* _Available data_

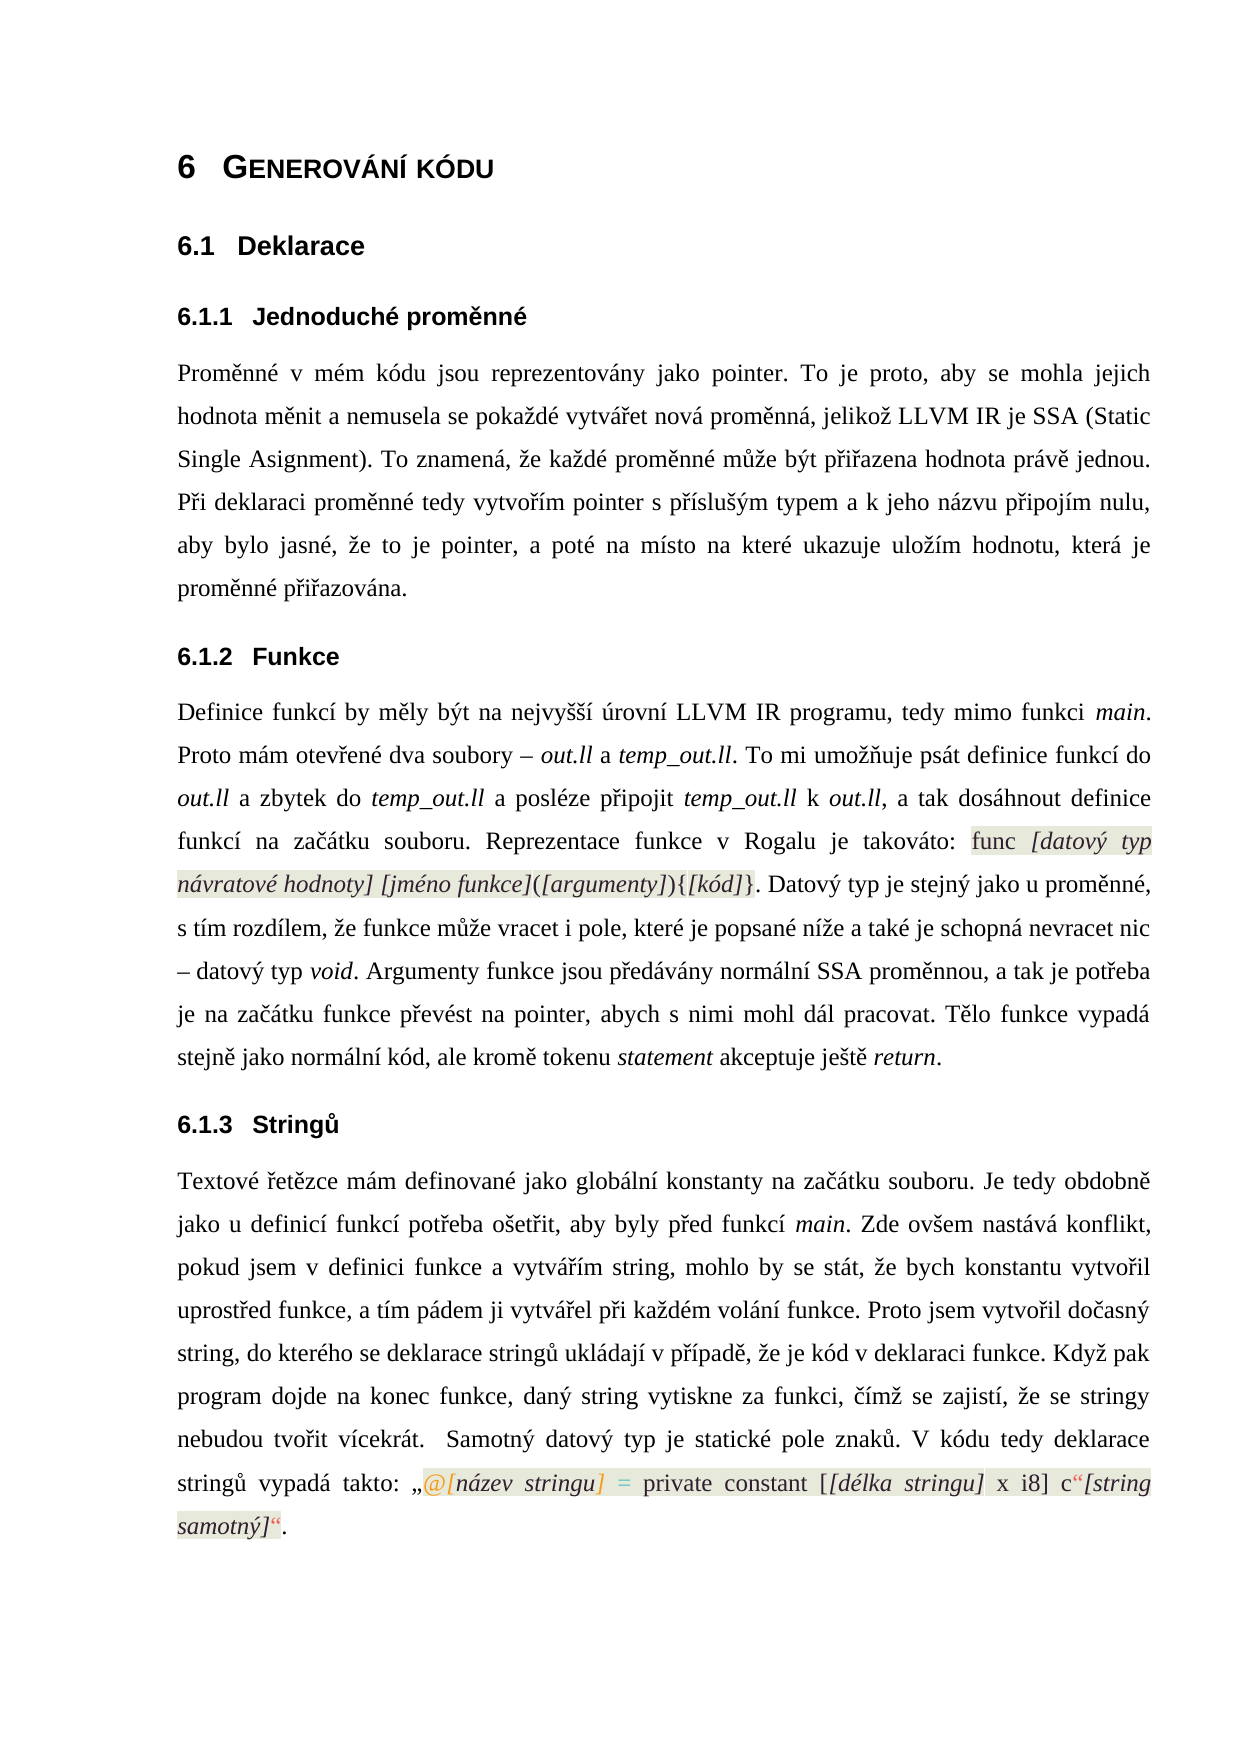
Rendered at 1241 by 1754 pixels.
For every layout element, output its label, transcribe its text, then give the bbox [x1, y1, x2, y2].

subtitle Funkce [177, 641, 1152, 670]
subtitle Stringů [177, 1110, 1152, 1139]
subtitle Deklarace [177, 230, 1152, 261]
text Proměnné v mém kódu jsou reprezentovány jako pointer. To je proto, aby se mohla jejich hodnota měnit a nemusela se pokaždé vytvářet nová proměnná, jelikož LLVM IR je SSA (Static Single Asignment). To znamená, že každé proměnné může být přiřazena hodnota právě jednou. Při deklaraci proměnné tedy vytvořím pointer s příslušým typem a k jeho názvu připojím nulu, aby bylo jasné, že to je pointer, a poté na místo na které ukazuje uložím hodnotu, která je proměnné přiřazována. [177, 358, 1152, 602]
text Definice funkcí by měly být na nejvyšší úrovní LLVM IR programu, tedy mimo funkci main. Proto mám otevřené dva soubory – out.ll a temp_out.ll. To mi umožňuje psát definice funkcí do out.ll a zbytek do temp_out.ll a posléze připojit temp_out.ll k out.ll, a tak dosáhnout definice funkcí na začátku souboru. Reprezentace funkce v Rogalu je takováto: func [datový typ návratové hodnoty] [jméno funkce]([argumenty]){[kód]}. Datový typ je stejný jako u proměnné, s tím rozdílem, že funkce může vracet i pole, které je popsané níže a také je schopná nevracet nic – datový typ void. Argumenty funkce jsou předávány normální SSA proměnnou, a tak je potřeba je na začátku funkce převést na pointer, abych s nimi mohl dál pracovat. Tělo funkce vypadá stejně jako normální kód, ale kromě tokenu statement akceptuje ještě return. [177, 697, 1152, 1071]
subtitle Jednoduché proměnné [177, 302, 1152, 331]
subtitle Generování kódu [177, 148, 1152, 186]
text Textové řetězce mám definované jako globální konstanty na začátku souboru. Je tedy obdobně jako u definicí funkcí potřeba ošetřit, aby byly před funkcí main. Zde ovšem nastává konflikt, pokud jsem v definici funkce a vytvářím string, mohlo by se stát, že bych konstantu vytvořil uprostřed funkce, a tím pádem ji vytvářel při každém volání funkce. Proto jsem vytvořil dočasný string, do kterého se deklarace stringů ukládají v případě, že je kód v deklaraci funkce. Když pak program dojde na konec funkce, daný string vytiskne za funkci, čímž se zajistí, že se stringy nebudou tvořit vícekrát. Samotný datový typ je statické pole znaků. V kódu tedy deklarace stringů vypadá takto: „@[název stringu] = private constant [[délka stringu] x i8] c“[string samotný]“. [177, 1166, 1152, 1539]

* _Work instruction_
The response should consist of the lines above from the first through the one containing "subtitle Deklarace [177, 230, 1152, 261]", transcribed exactly, with every picture left out.

* _Answer box_
Rendered at 1241 by 1754 pixels.
For every layout element, output its label, transcribe its text, then give the bbox [x1, y1, x2, y2].

subtitle Funkce [177, 641, 1152, 670]
subtitle Stringů [177, 1110, 1152, 1139]
subtitle Deklarace [177, 230, 1152, 261]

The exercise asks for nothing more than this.